What is it?
Don’t be fooled by the name, the dish is anything but poor; in fact some Chinese restaurants list it under the more auspicious “Emperor’s Chicken” title.
The recipe varies, but starts with a whole chicken, which is stuffed with onion, ginger, Chinese black mushrooms, pickled cabbage, and other preserved vegetables.
The chicken is then wrapped in huge lotus leaves, and packed in mud that’s mixed with Shaoxing wine and salt water. The classic recipe calls for six pounds of mud.
After baking in a steady heat for three to four hours, the chef usually presents the mud pile and cracks it open before the guests, unveiling the succulent meat and wonderful aroma.
After hours of stewing inside the lotus leaves, the meat is tender and juicy; it falls easily off the bone.
Sounds like a dish with a dash of history…
It certainly is, although food historians are split on its origins. Most seem to think that it hails either from Hangzhou or Changsu, two cities along the Yangtze River near Shanghai.

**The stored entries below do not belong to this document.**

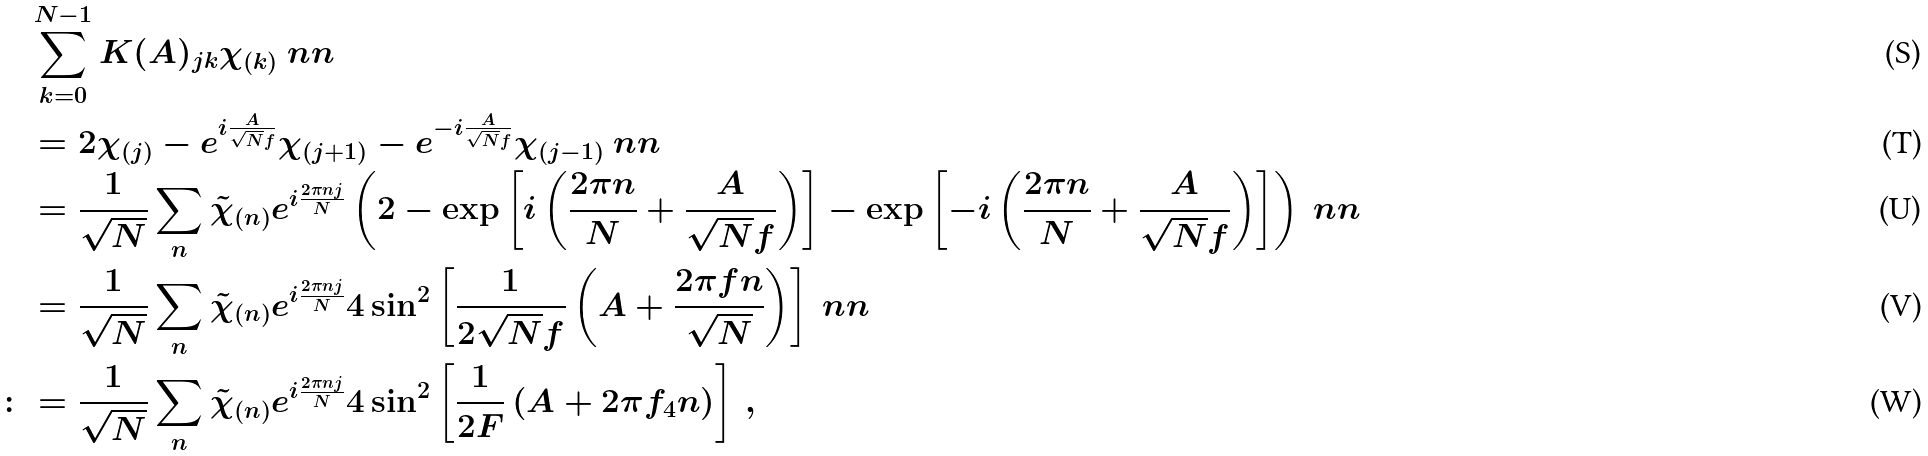<formula> <loc_0><loc_0><loc_500><loc_500>& \sum _ { k = 0 } ^ { N - 1 } K ( A ) _ { j k } \chi _ { ( k ) } \ n n \\ & = 2 { \chi } _ { ( j ) } - e ^ { i \frac { A } { \sqrt { N } f } } { \chi } _ { ( j + 1 ) } - e ^ { - i \frac { A } { \sqrt { N } f } } { \chi } _ { ( j - 1 ) } \ n n \\ & = \frac { 1 } { \sqrt { N } } \sum _ { n } \tilde { \chi } _ { ( n ) } e ^ { i \frac { 2 \pi n j } { N } } \left ( 2 - \exp \left [ i \left ( \frac { 2 \pi n } { N } + \frac { A } { \sqrt { N } f } \right ) \right ] - \exp \left [ - i \left ( \frac { 2 \pi n } { N } + \frac { A } { \sqrt { N } f } \right ) \right ] \right ) \ n n \\ & = \frac { 1 } { \sqrt { N } } \sum _ { n } \tilde { \chi } _ { ( n ) } e ^ { i \frac { 2 \pi n j } { N } } 4 \sin ^ { 2 } \left [ \frac { 1 } { 2 \sqrt { N } f } \left ( A + \frac { 2 \pi f n } { \sqrt { N } } \right ) \right ] \ n n \\ \colon & = \frac { 1 } { \sqrt { N } } \sum _ { n } \tilde { \chi } _ { ( n ) } e ^ { i \frac { 2 \pi n j } { N } } 4 \sin ^ { 2 } \left [ \frac { 1 } { 2 F } \left ( A + { 2 \pi f _ { 4 } n } \right ) \right ] \, ,</formula> 
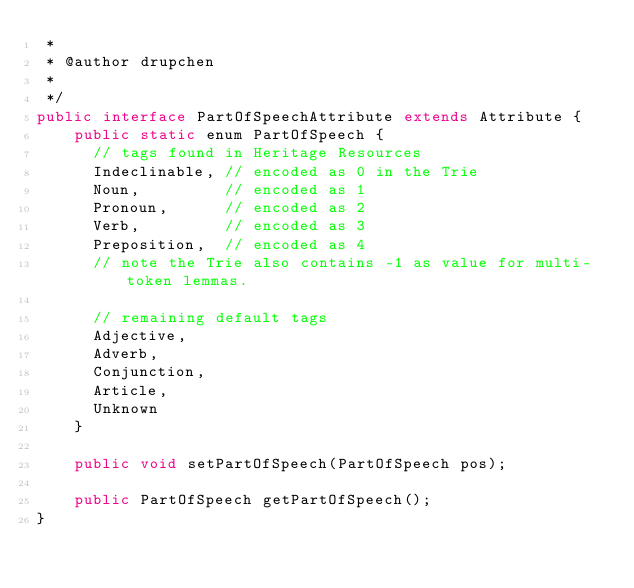<code> <loc_0><loc_0><loc_500><loc_500><_Java_> * 
 * @author drupchen
 *
 */
public interface PartOfSpeechAttribute extends Attribute {    
    public static enum PartOfSpeech {
      // tags found in Heritage Resources
      Indeclinable, // encoded as 0 in the Trie
      Noun,         // encoded as 1 
      Pronoun,      // encoded as 2
      Verb,         // encoded as 3
      Preposition,  // encoded as 4
      // note the Trie also contains -1 as value for multi-token lemmas.
      
      // remaining default tags 
      Adjective, 
      Adverb,  
      Conjunction, 
      Article, 
      Unknown
    }
  
    public void setPartOfSpeech(PartOfSpeech pos);
  
    public PartOfSpeech getPartOfSpeech();
}
</code> 
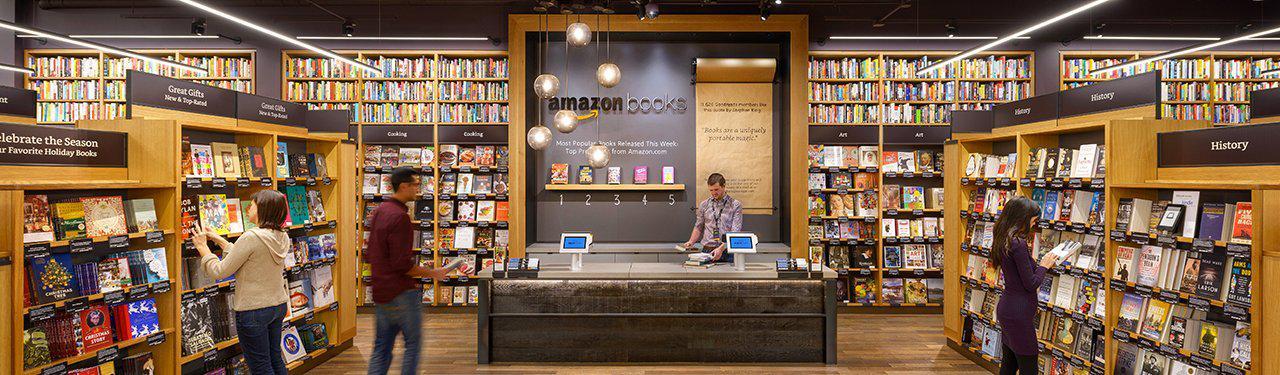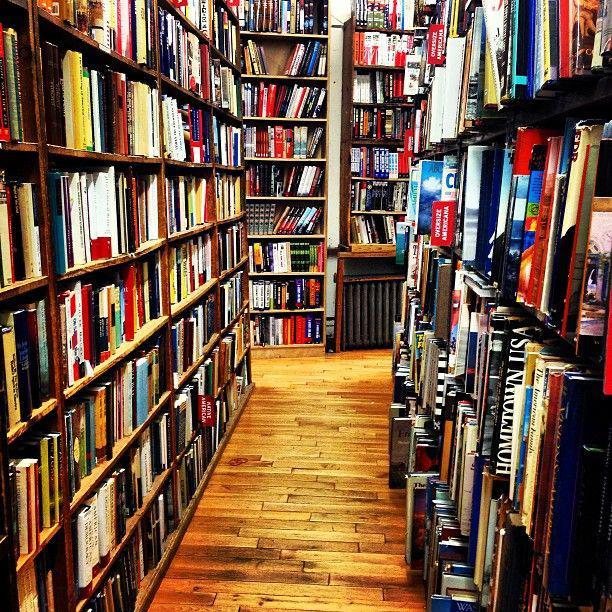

According to popular folklore, a beggar stole a chicken from a farm. As he began to build a fire he heard the sound of horses approaching. Fearing capture, he wrapped the bird in lotus leaves and buried it in the mud near the fire.
When he finally unearthed it hours later, he was delighted to discover he had cooked up a delicious dish.
Is it seasonal?
No, the dish can be eaten year-round. Pair it up with a bottle of aged Huadiao, Chinese port.
What do you need to know before ordering?
Due to the lengthy cooking process, restaurants will require that you pre-order it. In most circumstances you need to give at least a day’s notice.
And the best place to eat it?
Louwailo in Hangzhou, 30 Gushan Road, Solitary Island (+86571 8796968); or if you happen to travel to Hong Kong, Tien Heung Lau offers some of the finest Hangzhou cuisine, 18C Austin Avenue, Kowloon (+852 26622414); Lung King Heen in Hong Kong’s Four Seasons also serves it up, but calls it “Fortune Chicken”.